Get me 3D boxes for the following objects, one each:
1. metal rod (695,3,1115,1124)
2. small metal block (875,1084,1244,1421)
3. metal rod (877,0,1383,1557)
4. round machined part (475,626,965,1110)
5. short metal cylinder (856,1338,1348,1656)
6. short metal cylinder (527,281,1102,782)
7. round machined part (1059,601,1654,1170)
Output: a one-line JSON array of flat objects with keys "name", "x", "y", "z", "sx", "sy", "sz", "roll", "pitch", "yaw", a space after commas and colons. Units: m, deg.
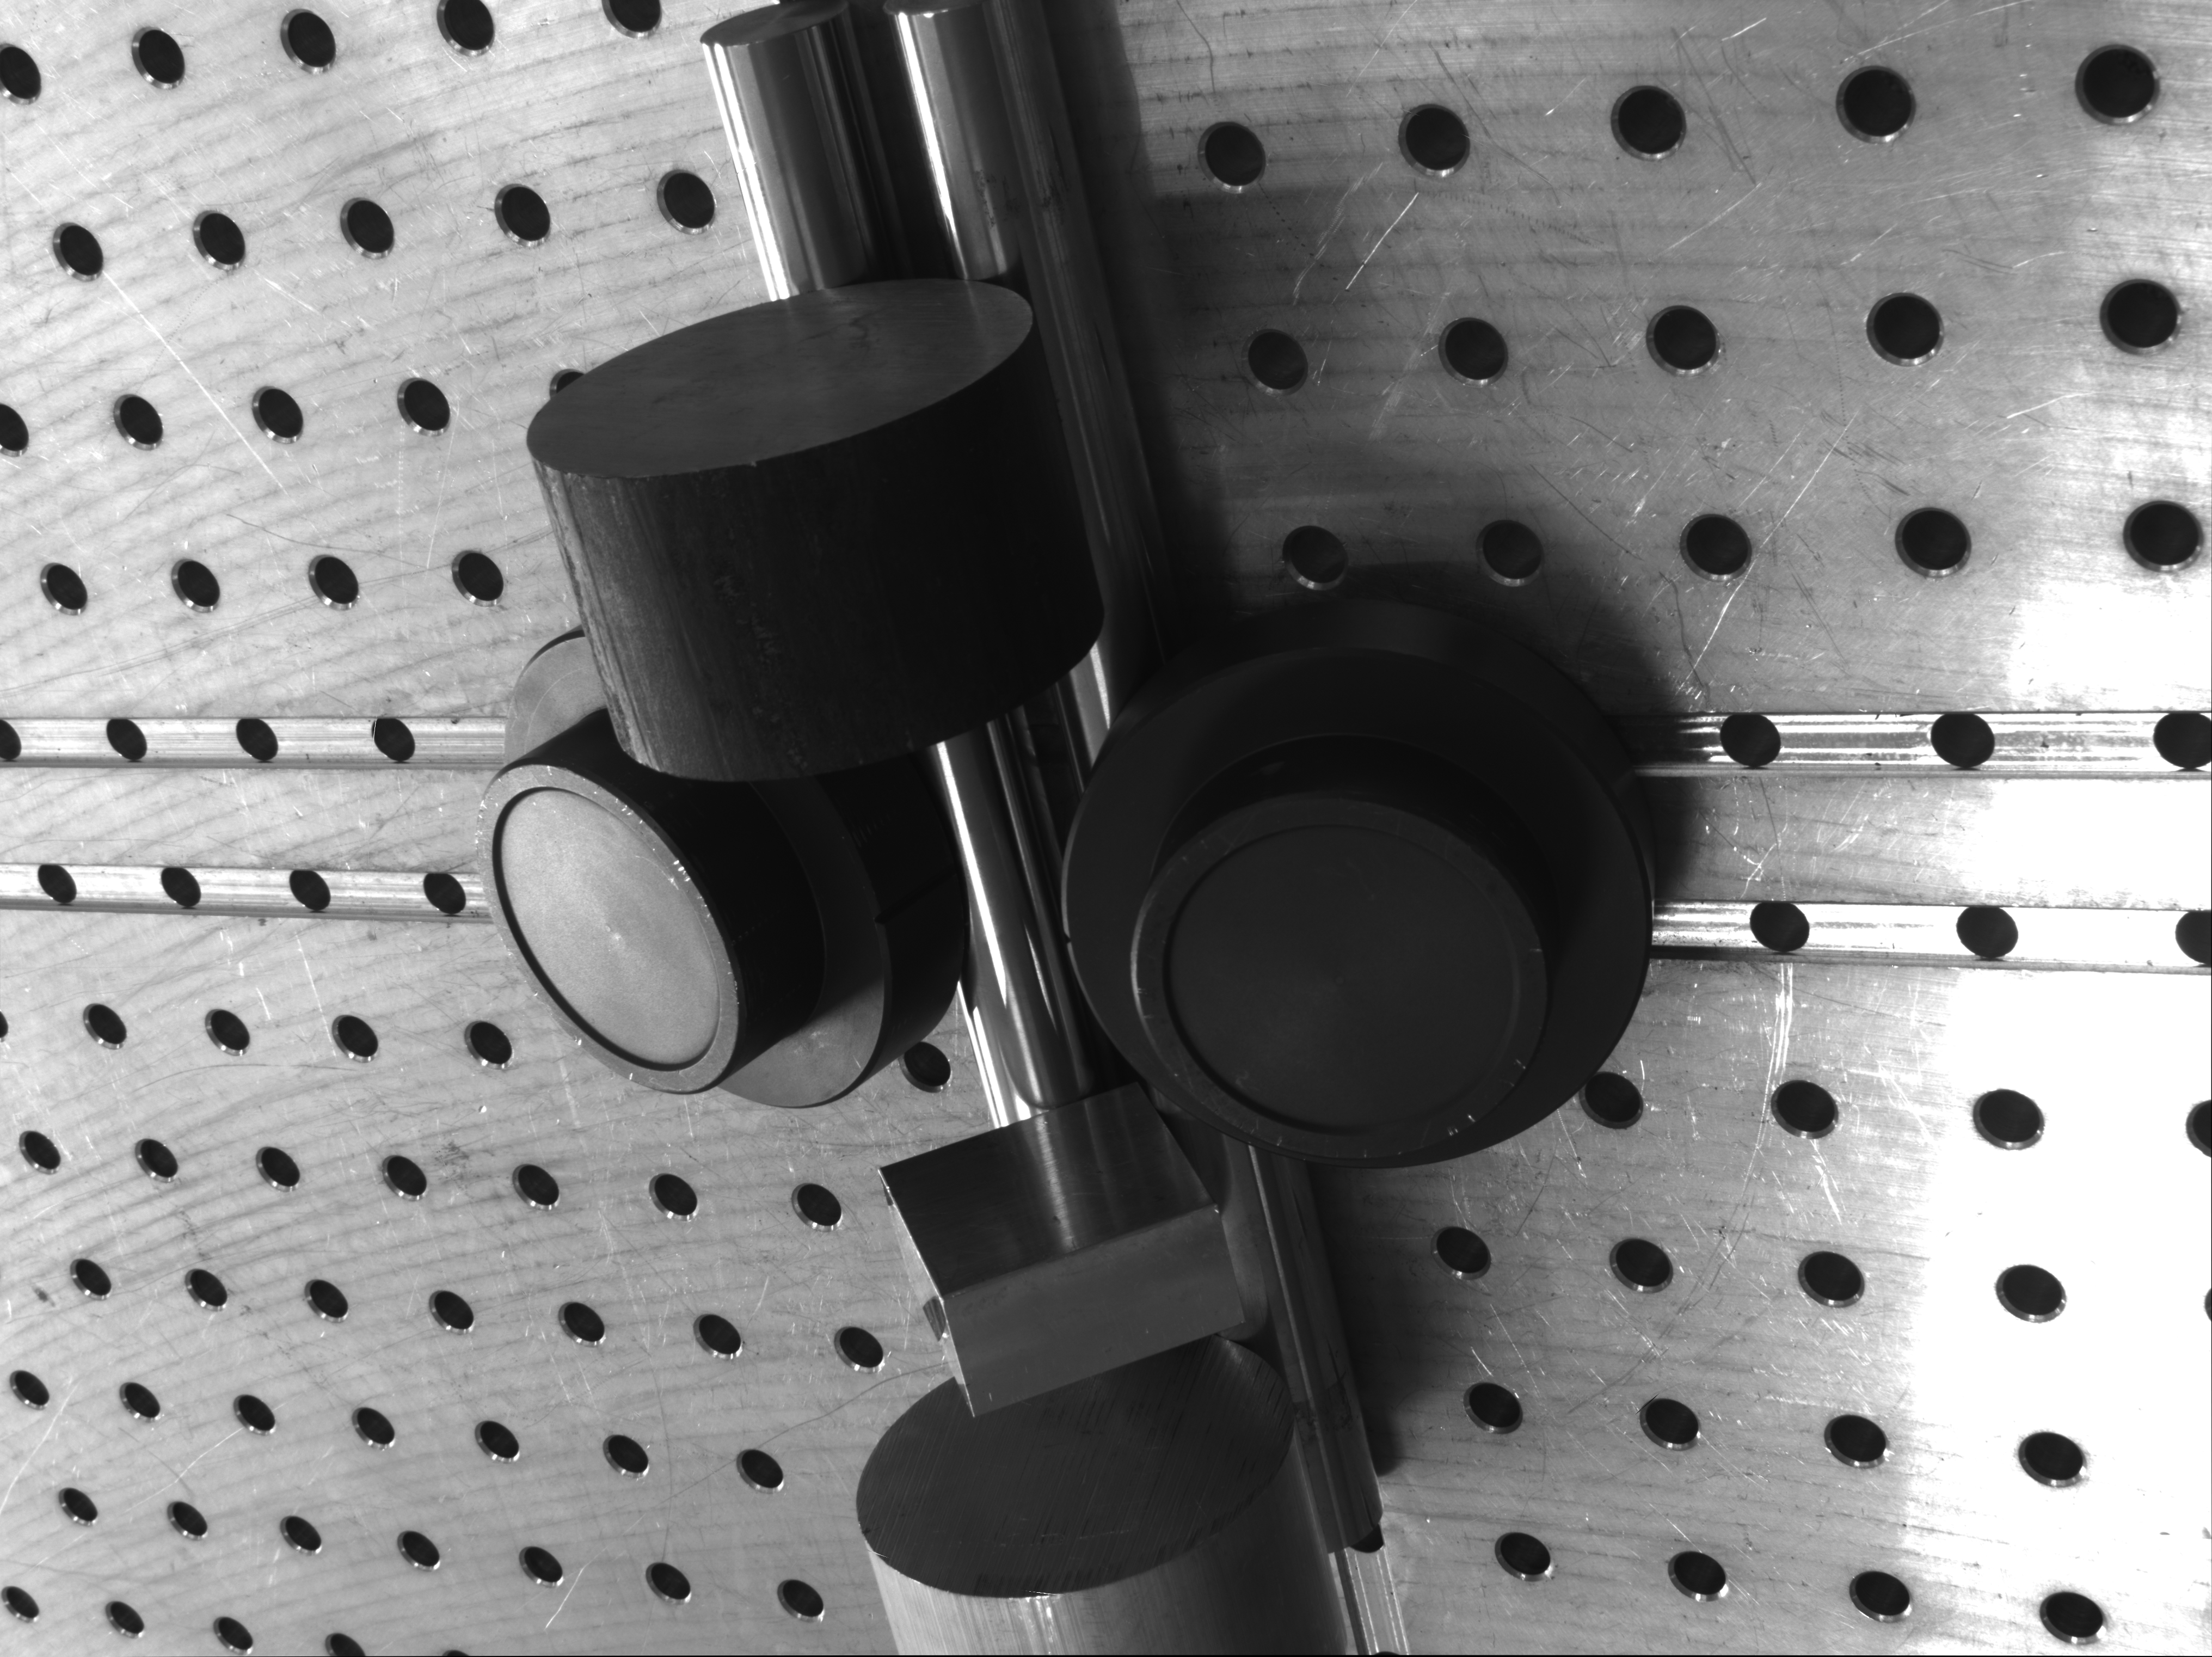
[{"name": "metal rod", "x": -0.022, "y": 0.002, "z": 0.657, "sx": 0.025, "sy": 0.025, "sz": 0.300, "roll": 1, "pitch": 119, "yaw": 28}, {"name": "small metal block", "x": -0.009, "y": 0.074, "z": 0.649, "sx": 0.050, "sy": 0.050, "sz": 0.025, "roll": -17, "pitch": 115, "yaw": -10}, {"name": "metal rod", "x": 0.008, "y": 0.001, "z": 0.640, "sx": 0.025, "sy": 0.025, "sz": 0.300, "roll": 1, "pitch": 119, "yaw": 28}, {"name": "round machined part", "x": -0.076, "y": 0.009, "z": 0.665, "sx": 0.098, "sy": 0.042, "sz": 0.098, "roll": 24, "pitch": 132, "yaw": 30}, {"name": "short metal cylinder", "x": 0.000, "y": 0.134, "z": 0.664, "sx": 0.080, "sy": 0.080, "sz": 0.050, "roll": 1, "pitch": 119, "yaw": 28}, {"name": "short metal cylinder", "x": -0.045, "y": -0.048, "z": 0.576, "sx": 0.080, "sy": 0.080, "sz": 0.050, "roll": 1, "pitch": 119, "yaw": 28}, {"name": "round machined part", "x": 0.040, "y": 0.015, "z": 0.605, "sx": 0.098, "sy": 0.042, "sz": 0.098, "roll": 5, "pitch": 118, "yaw": 9}]

____

[Exercise details]
Word for word, restate the lines above from the line containing "4. round machined part (475,626,965,1110)" through the line containing "7. round machined part (1059,601,1654,1170)", with both included and nothing else.

[Written reply]
4. round machined part (475,626,965,1110)
5. short metal cylinder (856,1338,1348,1656)
6. short metal cylinder (527,281,1102,782)
7. round machined part (1059,601,1654,1170)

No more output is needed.